- Born: 1943 Toronto, Ontario, Canada
- Died: 2023
- Known for: Sculptor, Installation artist

= David Rabinowitch =

Canadian visual artist (born 1943)

David Rabinowitch (born March 6, 1943) is a Canadian visual artist who exhibits internationally and is best known for his non-representational steel constructions that develop the traditions of modernist sculpture. New York Magazine said in 2008 that his work is related to Minimalism, but it comes from a different angle than most American examples such as that of Carl Andre or Richard Serra.

== Career ==
Rabinowitch was born in Toronto, Ontario, and is the twin brother of sculptor Royden Rabinowitch. He studied at the University of Western Ontario and the Ontario College of Art, Toronto. Starting in 1951, he read Spinoza's Ethics; in 1959 he started on Kant's Critique of Pure Reason; and in 1961, on David Hume's Treatise of Human Nature: he considers his reading of these books and other philosophical and literary texts as integral to his practise. The first sculptures he preserved were his Box Trough Assemblages and the Fluid Sheet Constructions, made in 1963 and 1964. His first solo show was at the 20/20 Gallery in London, Ontario in 1968. From 1969 to 1984, the Carmen Lamanna Gallery in Toronto was his dealer. Rabinowitch moved to New York in 1972. Since then, he has had major exhibitions in the U.S., Canada, and Europe.

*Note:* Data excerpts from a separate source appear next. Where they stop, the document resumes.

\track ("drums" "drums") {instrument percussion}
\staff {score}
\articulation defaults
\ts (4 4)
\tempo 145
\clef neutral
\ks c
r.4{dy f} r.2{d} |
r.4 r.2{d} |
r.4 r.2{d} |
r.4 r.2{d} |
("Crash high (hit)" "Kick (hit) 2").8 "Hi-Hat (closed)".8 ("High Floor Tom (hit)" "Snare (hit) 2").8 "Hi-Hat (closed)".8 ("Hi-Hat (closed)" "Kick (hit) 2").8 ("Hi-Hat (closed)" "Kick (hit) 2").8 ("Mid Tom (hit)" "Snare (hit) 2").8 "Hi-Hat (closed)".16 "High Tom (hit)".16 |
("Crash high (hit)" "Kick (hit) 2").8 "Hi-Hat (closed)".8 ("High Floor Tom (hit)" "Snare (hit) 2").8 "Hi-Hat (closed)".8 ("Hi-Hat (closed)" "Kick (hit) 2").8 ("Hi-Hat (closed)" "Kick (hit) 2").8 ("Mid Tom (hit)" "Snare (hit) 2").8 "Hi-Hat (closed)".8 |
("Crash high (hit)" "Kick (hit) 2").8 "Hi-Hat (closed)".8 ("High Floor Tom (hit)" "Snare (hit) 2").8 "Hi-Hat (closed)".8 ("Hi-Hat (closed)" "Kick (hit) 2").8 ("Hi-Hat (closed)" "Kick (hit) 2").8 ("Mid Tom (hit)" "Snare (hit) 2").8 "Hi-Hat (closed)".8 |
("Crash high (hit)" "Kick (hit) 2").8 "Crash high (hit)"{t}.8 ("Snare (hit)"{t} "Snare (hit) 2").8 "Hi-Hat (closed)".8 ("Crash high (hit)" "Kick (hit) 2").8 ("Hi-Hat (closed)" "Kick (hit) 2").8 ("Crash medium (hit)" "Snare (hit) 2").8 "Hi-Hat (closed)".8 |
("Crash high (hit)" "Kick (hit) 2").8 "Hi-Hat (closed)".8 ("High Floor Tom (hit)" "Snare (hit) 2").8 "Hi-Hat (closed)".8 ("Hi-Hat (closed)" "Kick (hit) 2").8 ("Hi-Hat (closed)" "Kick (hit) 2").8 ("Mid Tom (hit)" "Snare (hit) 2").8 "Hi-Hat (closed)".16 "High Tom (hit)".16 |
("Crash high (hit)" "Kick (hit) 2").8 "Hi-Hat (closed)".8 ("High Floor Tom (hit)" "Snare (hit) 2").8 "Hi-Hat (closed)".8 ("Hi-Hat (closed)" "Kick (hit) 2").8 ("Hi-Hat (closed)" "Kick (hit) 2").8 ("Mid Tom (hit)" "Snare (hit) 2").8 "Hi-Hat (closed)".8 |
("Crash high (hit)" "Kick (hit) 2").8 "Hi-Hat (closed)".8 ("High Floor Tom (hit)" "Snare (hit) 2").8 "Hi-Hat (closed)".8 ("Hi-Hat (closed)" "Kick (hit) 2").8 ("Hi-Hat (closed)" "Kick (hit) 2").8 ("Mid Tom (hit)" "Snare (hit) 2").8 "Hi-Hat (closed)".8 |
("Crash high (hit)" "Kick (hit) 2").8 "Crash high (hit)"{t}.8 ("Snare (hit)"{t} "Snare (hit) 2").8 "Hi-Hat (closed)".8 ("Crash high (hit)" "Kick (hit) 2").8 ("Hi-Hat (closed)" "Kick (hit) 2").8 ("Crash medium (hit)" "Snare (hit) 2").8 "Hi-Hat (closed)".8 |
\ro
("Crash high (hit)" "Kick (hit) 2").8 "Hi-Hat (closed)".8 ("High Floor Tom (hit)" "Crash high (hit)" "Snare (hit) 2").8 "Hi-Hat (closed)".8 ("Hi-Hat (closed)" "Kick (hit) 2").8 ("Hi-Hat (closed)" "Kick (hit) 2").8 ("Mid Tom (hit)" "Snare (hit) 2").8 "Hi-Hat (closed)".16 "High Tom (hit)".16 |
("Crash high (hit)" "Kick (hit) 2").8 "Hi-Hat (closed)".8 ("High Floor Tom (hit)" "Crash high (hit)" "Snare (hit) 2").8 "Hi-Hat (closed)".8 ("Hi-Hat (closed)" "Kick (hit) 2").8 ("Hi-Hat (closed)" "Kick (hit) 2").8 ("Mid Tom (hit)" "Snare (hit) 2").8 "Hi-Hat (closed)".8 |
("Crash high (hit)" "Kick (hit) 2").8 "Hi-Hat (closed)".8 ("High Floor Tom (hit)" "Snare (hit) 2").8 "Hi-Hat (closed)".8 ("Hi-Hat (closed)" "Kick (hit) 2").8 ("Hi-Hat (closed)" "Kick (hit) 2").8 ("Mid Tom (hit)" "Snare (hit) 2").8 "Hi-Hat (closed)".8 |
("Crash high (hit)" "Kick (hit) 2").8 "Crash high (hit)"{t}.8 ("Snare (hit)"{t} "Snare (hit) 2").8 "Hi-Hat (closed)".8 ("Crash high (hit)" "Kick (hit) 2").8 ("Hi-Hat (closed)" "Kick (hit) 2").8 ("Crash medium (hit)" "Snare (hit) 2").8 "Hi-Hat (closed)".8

An interest on his part in Romanesque art led to over twenty years of trips to France to study its monuments. He devoted several series of his own series to his thoughts about it as well. In 1998, he designed nine stained glass windows for the cathedral of Digne-les-Bains.

In 2003, he had a major retrospective at the Musée d'art contemporain de Montréal, his first major solo exhibition in Canada. He is represented by the Peter Blum Gallery in New York. In late 2010 to early 2011, the Peter Blum Gallery exhibited Birth of Romanticism: New Works on Paper. A reviewer wrote of it: "The wildness of Birth of Romanticism comes as a shock. While Rabinowitch's art has often rippled with sublimated emotion and maculate tactility, these drawings suggest that its internal tensions have precipitated an irreparable rupture with its own past, eradicating its Platonic surface to expose a jarring, multi-leveled parallel world."

In 2019, he exhibited Périgord Construction of Vision Drawings, a series at the Peter Blum Gallery, which derived from his visits to the Périgord region in southern France and visits to Romanesque churches.

He is represented in such collections as the following: the Museum of Modern Art, New York; the Art Institute of Chicago; the National Gallery of Canada, Ottawa; the Art Gallery of Ontario, Toronto; and the Chinati Foundation. He was awarded many Canada Council Grants, including a Senior Grant, a Guggenheim Senior Fellowship (1975), the Canada Council's Victor Martyn Lynch-Staunton Award (1976) and made a member of the Royal Canadian Academy of Arts. He also taught at Yale University (1974-1975) and at Düsseldorf (1984).